The first thing you notice when trying to manoeuvre the Soul in a tight space is it feels quite large thanks to its chunky proportions, so it's no surprise to learn it's bigger than its predecessor - 80mm longer with a 30mm longer wheelbase, in fact.
Kia says although the styling is unmistakably like the previous Soul, every body panel has been redesigned.
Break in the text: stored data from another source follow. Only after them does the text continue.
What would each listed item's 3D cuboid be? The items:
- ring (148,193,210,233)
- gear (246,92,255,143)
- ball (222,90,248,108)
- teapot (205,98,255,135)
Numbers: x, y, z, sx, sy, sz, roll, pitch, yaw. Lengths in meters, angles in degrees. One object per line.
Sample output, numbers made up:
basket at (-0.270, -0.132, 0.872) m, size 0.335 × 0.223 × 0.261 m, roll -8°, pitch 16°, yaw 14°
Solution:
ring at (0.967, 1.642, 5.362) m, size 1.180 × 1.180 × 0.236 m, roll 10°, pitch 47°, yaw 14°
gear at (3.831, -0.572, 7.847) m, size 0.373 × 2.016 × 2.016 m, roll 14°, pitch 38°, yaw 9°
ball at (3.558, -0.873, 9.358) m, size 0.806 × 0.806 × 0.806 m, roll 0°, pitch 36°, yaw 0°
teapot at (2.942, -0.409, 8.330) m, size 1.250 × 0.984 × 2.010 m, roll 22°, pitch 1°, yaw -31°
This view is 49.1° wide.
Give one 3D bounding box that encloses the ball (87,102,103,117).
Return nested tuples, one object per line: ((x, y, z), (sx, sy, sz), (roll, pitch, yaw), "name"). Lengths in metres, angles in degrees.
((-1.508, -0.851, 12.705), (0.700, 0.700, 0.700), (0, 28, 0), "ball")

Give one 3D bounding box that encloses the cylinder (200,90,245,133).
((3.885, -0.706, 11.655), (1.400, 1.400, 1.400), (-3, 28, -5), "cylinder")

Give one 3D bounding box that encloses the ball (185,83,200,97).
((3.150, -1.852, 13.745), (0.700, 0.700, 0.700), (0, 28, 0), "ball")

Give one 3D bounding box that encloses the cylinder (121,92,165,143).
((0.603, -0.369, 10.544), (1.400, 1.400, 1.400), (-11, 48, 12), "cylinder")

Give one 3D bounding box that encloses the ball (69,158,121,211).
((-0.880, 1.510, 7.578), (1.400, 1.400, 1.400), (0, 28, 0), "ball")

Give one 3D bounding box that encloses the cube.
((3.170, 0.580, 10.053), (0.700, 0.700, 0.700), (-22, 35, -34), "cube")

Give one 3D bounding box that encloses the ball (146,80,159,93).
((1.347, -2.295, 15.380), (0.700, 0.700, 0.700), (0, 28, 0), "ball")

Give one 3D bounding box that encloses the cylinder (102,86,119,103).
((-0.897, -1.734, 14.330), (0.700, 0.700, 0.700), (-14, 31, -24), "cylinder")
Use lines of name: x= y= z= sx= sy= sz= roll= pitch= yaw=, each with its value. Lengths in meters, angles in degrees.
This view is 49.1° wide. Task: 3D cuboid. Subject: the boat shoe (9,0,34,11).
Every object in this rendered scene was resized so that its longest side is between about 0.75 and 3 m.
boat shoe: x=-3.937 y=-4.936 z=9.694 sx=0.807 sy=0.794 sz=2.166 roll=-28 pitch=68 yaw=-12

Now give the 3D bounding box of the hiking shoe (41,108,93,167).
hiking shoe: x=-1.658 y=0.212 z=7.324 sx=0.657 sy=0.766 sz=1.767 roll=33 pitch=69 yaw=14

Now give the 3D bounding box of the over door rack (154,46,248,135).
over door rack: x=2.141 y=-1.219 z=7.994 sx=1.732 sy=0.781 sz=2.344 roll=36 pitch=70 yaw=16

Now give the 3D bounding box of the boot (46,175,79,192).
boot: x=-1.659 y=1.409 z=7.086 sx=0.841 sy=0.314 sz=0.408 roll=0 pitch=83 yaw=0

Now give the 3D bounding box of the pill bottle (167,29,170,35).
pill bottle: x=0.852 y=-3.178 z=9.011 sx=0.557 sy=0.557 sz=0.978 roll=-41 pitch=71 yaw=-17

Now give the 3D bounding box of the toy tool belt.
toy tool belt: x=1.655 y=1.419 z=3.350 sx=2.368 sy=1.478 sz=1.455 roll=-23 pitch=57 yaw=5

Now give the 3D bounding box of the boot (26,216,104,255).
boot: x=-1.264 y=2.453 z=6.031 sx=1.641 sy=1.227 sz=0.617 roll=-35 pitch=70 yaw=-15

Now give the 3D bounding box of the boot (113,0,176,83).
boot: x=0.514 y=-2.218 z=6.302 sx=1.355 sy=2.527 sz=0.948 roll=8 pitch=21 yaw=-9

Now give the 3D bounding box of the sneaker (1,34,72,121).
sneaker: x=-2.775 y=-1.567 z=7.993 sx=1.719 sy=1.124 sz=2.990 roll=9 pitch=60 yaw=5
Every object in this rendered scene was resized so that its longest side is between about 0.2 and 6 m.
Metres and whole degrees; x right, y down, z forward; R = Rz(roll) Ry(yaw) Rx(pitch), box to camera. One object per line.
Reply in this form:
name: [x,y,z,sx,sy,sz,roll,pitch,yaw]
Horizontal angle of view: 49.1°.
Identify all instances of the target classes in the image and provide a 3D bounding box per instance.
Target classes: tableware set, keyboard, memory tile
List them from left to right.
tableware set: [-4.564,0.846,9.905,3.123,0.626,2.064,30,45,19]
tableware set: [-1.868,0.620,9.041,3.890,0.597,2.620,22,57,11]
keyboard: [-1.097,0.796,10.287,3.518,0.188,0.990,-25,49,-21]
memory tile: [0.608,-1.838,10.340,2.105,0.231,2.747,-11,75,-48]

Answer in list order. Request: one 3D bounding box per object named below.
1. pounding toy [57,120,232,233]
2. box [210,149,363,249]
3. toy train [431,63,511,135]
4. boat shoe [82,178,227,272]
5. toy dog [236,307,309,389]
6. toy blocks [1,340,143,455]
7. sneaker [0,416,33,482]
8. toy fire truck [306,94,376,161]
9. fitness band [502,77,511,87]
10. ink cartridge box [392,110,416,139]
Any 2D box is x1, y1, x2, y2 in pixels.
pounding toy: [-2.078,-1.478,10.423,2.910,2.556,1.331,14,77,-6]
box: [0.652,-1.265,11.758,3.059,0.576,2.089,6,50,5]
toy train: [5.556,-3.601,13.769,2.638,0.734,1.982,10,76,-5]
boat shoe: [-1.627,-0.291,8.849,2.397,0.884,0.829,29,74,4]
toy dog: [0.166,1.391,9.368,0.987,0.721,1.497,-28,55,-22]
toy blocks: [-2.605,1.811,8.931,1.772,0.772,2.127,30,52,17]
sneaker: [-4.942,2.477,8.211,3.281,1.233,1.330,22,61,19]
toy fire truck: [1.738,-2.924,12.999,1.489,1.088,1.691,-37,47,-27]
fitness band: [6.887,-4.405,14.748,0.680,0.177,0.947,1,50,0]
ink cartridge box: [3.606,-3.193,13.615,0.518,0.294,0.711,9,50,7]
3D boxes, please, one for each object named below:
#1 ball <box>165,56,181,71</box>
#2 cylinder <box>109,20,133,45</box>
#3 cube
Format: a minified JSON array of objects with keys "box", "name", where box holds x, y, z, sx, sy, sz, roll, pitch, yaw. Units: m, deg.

It also gets new-generation battery technology, bigger alloy wheels, upgraded suspension and improved on-board technology that are all positive, if not groundbreaking, moves to update the Soul.
The powertrain is easily the most impressive upgrade on the previous Soul EV. The electric motor makes 201bhp and 395Nm of torque, considerably more powerful than before, while the battery is a 64kWh unit promising up to 280 miles (450km) between charges.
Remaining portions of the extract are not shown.